Las alarmas se materializaron el 14 de octubre, volvían duras limitaciones y la hostelería tenía que prescindir de las barras. Las mascarillas más presentes que nunca no bastaron y los hospitales comenzaron a llenarse, incluso el provisional del recinto ferial Luis Adaro en Gijón, que en julio se había desmontado. A finales de mes comenzó una nueva forma de lucha los cierres perimetrales, de aquellos pueblos o ciudades con más contagios de los deseados. Y llegamos a noviembre, en sus segundo día se adoptaron duras medidas con el cierre de la hostelería y el comercio no esencial, además se restringía la movilidad nocturna. Los días comenzaron a pasar y los contagios aumentaban mientras la hostelería y el comercio, cerrado, se hundían. Desde las comarcas mineras comenzó una lucha para conseguir medidas y ayudas que evitasen cierres masivos, hubo encierros en las iglesias de La Felguera, Pola de Laviana y El Entrego. Llegaron muchos compromisos y algunas audaces se materializaron, comercios y bares volvía a abrir con restricciones. Nos preparábamos para despedir un año atípico y cruel, en el que la responsabilidad individual y la solidaridad quedaron lejos para unos pocos. Y las Navidades las celebramos con seis comensales en las cenas navideñas y el toque de queda el día de Nochebuena y Nochevieja no podía haber nadie por la calle después de las 00.30 horas, una hora antes de lo que se definió en un principio. Además, se mantuvo el cierre perimetral en la región, salvo para visitar a allegados y familiares.
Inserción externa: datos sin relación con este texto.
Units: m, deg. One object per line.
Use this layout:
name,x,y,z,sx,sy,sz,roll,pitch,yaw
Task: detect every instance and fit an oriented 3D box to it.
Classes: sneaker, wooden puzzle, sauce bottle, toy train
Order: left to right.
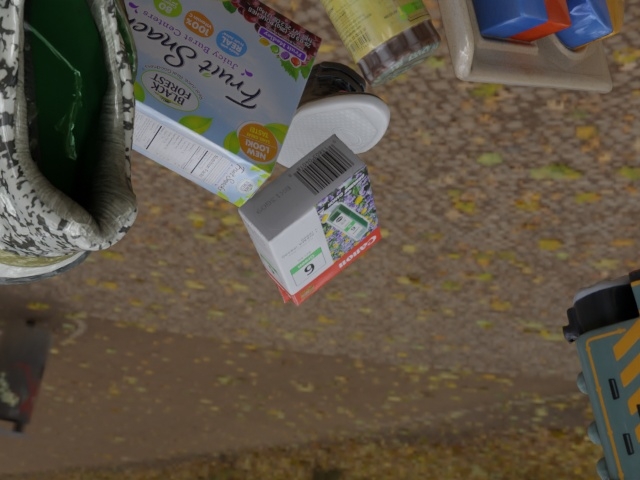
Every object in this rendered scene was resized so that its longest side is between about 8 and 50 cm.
sneaker,-0.158,-0.171,0.519,0.158,0.410,0.182,-17,-166,-38
sneaker,0.023,-0.196,1.314,0.105,0.146,0.296,33,161,-19
sauce bottle,0.023,-0.361,1.155,0.111,0.344,0.111,-30,-177,2
wooden puzzle,0.200,-0.311,0.921,0.081,0.322,0.348,-16,174,37
toy train,0.347,0.172,0.896,0.190,0.333,0.142,-20,156,24

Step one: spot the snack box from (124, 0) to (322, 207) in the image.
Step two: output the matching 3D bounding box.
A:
snack box,-0.119,-0.153,0.821,0.207,0.174,0.070,28,144,-14

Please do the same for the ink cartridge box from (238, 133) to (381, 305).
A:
ink cartridge box,0.000,0.000,0.503,0.029,0.063,0.115,46,168,27
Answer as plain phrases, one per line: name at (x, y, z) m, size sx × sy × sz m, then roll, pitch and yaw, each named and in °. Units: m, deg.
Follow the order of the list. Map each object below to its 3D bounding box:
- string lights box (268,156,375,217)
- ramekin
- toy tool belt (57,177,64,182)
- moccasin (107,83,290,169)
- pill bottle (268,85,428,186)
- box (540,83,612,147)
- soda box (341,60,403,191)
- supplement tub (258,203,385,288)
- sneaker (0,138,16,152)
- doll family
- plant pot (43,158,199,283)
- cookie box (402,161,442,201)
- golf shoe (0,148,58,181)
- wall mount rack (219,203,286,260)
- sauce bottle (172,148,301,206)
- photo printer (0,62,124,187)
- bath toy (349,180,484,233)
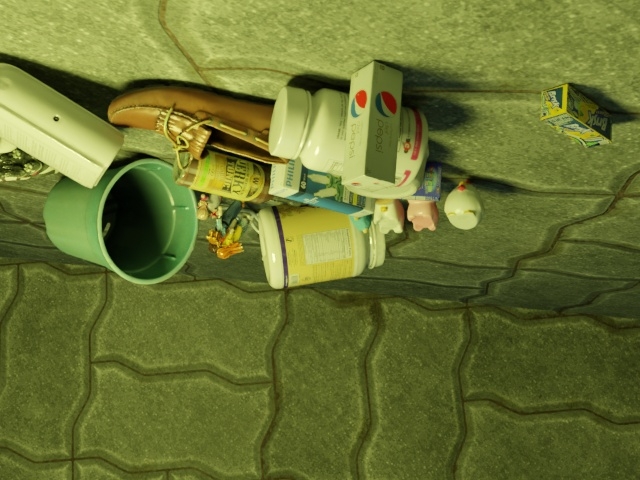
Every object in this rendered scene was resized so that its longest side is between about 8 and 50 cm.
string lights box at (0.011, -0.151, 1.613) m, size 0.260 × 0.133 × 0.077 m, roll 13°, pitch 165°, yaw -30°
ramekin at (0.143, -0.171, 1.529) m, size 0.207 × 0.108 × 0.207 m, roll 5°, pitch 167°, yaw 1°
toy tool belt at (-0.768, -0.170, 2.056) m, size 0.083 × 0.052 × 0.051 m, roll 11°, pitch 174°, yaw -24°
moccasin at (-0.245, -0.225, 1.380) m, size 0.380 × 0.146 × 0.139 m, roll 10°, pitch 166°, yaw -14°
pill bottle at (0.052, -0.206, 1.305) m, size 0.283 × 0.160 × 0.160 m, roll 10°, pitch 166°, yaw -16°
box at (0.478, -0.229, 1.241) m, size 0.169 × 0.059 × 0.054 m, roll 17°, pitch 164°, yaw -39°
soda box at (0.093, -0.201, 1.186) m, size 0.069 × 0.216 × 0.074 m, roll 12°, pitch 166°, yaw -29°
supplement tub at (0.000, 0.000, 1.926) m, size 0.332 × 0.240 × 0.241 m, roll -9°, pitch 169°, yaw -10°
sneaker at (-0.780, -0.274, 1.496) m, size 0.123 × 0.105 × 0.290 m, roll 1°, pitch 165°, yaw 29°
doll family at (-0.275, -0.041, 1.958) m, size 0.119 × 0.163 × 0.263 m, roll 22°, pitch 150°, yaw 20°
plant pot at (-0.583, -0.065, 1.896) m, size 0.334 × 0.340 × 0.341 m, roll 6°, pitch 170°, yaw 37°
cookie box at (0.241, -0.145, 1.630) m, size 0.107 × 0.091 × 0.040 m, roll 4°, pitch 163°, yaw 10°
golf shoe at (-0.866, -0.202, 1.864) m, size 0.273 × 0.105 × 0.120 m, roll 2°, pitch 173°, yaw 17°
wall mount rack at (-0.178, -0.062, 2.121) m, size 0.304 × 0.130 × 0.350 m, roll 48°, pitch 147°, yaw -20°
sauce bottle at (-0.204, -0.159, 1.738) m, size 0.345 × 0.111 × 0.111 m, roll 11°, pitch 166°, yaw -27°
photo printer at (-0.582, -0.241, 1.406) m, size 0.308 × 0.107 × 0.256 m, roll 32°, pitch 162°, yaw -17°
bath toy at (0.250, -0.104, 1.735) m, size 0.349 × 0.128 × 0.151 m, roll 0°, pitch 146°, yaw 22°
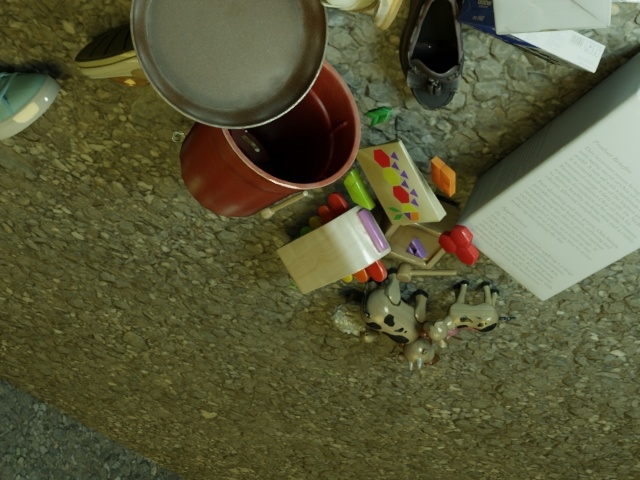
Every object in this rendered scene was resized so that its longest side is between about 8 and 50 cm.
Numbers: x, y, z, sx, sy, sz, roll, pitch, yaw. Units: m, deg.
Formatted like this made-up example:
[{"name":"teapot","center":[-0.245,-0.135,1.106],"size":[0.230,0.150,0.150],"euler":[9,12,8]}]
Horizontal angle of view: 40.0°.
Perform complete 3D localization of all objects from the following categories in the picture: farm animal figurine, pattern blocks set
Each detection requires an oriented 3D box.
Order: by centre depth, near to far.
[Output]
[{"name":"pattern blocks set","center":[0.147,-0.102,1.615],"size":[0.285,0.026,0.325],"euler":[8,131,49]},{"name":"farm animal figurine","center":[0.223,0.195,2.018],"size":[0.326,0.172,0.330],"euler":[25,143,-16]}]

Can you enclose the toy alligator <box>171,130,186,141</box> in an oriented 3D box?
[{"name":"toy alligator","center":[-0.224,-0.169,1.772],"size":[0.189,0.056,0.051],"euler":[33,-179,-26]}]

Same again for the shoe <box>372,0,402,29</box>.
[{"name":"shoe","center":[0.109,-0.412,1.264],"size":[0.058,0.076,0.219],"euler":[18,120,-3]}]

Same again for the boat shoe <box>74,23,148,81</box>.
[{"name":"boat shoe","center":[-0.286,-0.318,1.526],"size":[0.302,0.113,0.103],"euler":[-6,135,25]}]

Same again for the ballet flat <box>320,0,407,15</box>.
[{"name":"ballet flat","center":[0.003,-0.412,1.302],"size":[0.316,0.106,0.107],"euler":[34,139,-27]}]

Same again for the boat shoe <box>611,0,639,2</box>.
[{"name":"boat shoe","center":[0.367,-0.373,1.230],"size":[0.320,0.118,0.103],"euler":[-2,138,11]}]

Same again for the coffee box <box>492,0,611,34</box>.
[{"name":"coffee box","center":[0.300,-0.383,1.119],"size":[0.141,0.246,0.098],"euler":[2,143,18]}]

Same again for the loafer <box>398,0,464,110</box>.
[{"name":"loafer","center":[0.178,-0.307,1.394],"size":[0.109,0.095,0.302],"euler":[2,144,5]}]

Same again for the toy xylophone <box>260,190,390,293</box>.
[{"name":"toy xylophone","center":[0.000,0.000,1.847],"size":[0.322,0.081,0.236],"euler":[-12,107,54]}]

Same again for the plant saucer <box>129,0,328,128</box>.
[{"name":"plant saucer","center":[-0.139,-0.329,1.353],"size":[0.310,0.311,0.050],"euler":[29,178,-21]}]

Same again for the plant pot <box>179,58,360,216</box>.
[{"name":"plant pot","center":[-0.113,-0.175,1.563],"size":[0.272,0.272,0.265],"euler":[28,151,-20]}]

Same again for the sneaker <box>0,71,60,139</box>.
[{"name":"sneaker","center":[-0.676,-0.280,1.695],"size":[0.366,0.135,0.150],"euler":[-8,143,26]}]

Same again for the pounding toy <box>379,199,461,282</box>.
[{"name":"pounding toy","center":[0.210,0.001,1.820],"size":[0.181,0.094,0.206],"euler":[21,145,-9]}]

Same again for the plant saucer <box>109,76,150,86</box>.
[{"name":"plant saucer","center":[-0.356,-0.305,1.630],"size":[0.083,0.015,0.083],"euler":[7,173,1]}]

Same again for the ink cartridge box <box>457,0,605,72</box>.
[{"name":"ink cartridge box","center":[0.314,-0.308,1.304],"size":[0.207,0.046,0.097],"euler":[14,-169,-32]}]

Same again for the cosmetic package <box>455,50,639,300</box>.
[{"name":"cosmetic package","center":[0.465,-0.099,1.498],"size":[0.230,0.161,0.453],"euler":[39,141,-9]}]
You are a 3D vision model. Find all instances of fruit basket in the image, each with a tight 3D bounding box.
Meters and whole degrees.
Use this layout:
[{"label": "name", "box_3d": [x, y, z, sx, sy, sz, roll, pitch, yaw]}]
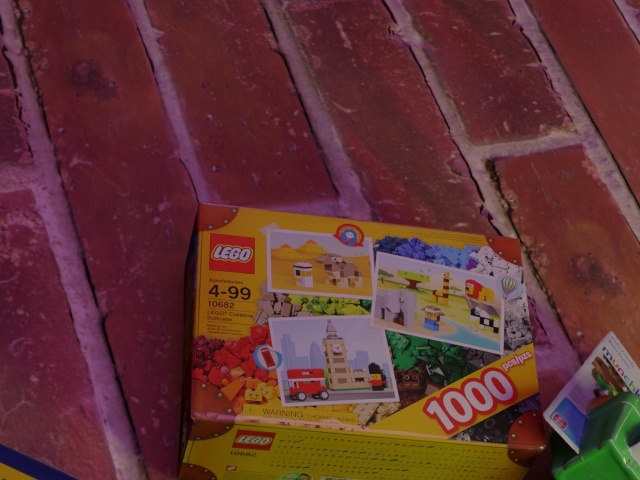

Uno de los primeros usuarios de las residencias del Nalón en recibir la vacuna.

Despedimos 2020 con un sabor agridulce, por un lado ha llegado la esperada vacunas y nuestros mayores (convivientes en residencias) y el personal sanitario comienzan a vacunarse y hacen crecer la esperanza. Pero al mismo tiempo, la inconsciencia de algunos nos poner en la casilla de salida para una previsible tercera ola La vida tal y como la conocíamos saltó por los aires, y desde hace meses intentamos recomponerla. Hablamos de volver a la normalidad, pero no sabemos a ciencia cierta y eso algún día será posible. Si algo hay claro es que lucharemos y nos cuidaremos para que así sea. Seguimos viviendo con restricciones y mascarilla, lavándonos la manos a menudo y utilizando hidrogeles, Además los días no festivos, el toque de queda vuelve a quedar fijado entre las 23:00 horas a 6.00 horas. Salvo 6 de enero, la limitación de movilidad nocturna se extenderá hasta las 7.00 horas.”. El día de Reyes, también se limitará los encuentros a un máximo de seis personas, del mismo modo que ocurrió en Nochebuena, Navidades y Nochevieja. No se autorizan cabalgatas de Reyes dado que se trata de eventos multitudinarios que podrían facilitar la difusión de la covid-19. La vida sigue con muchas precauciones y esperando que el calendario de vacunaciones se cumpla.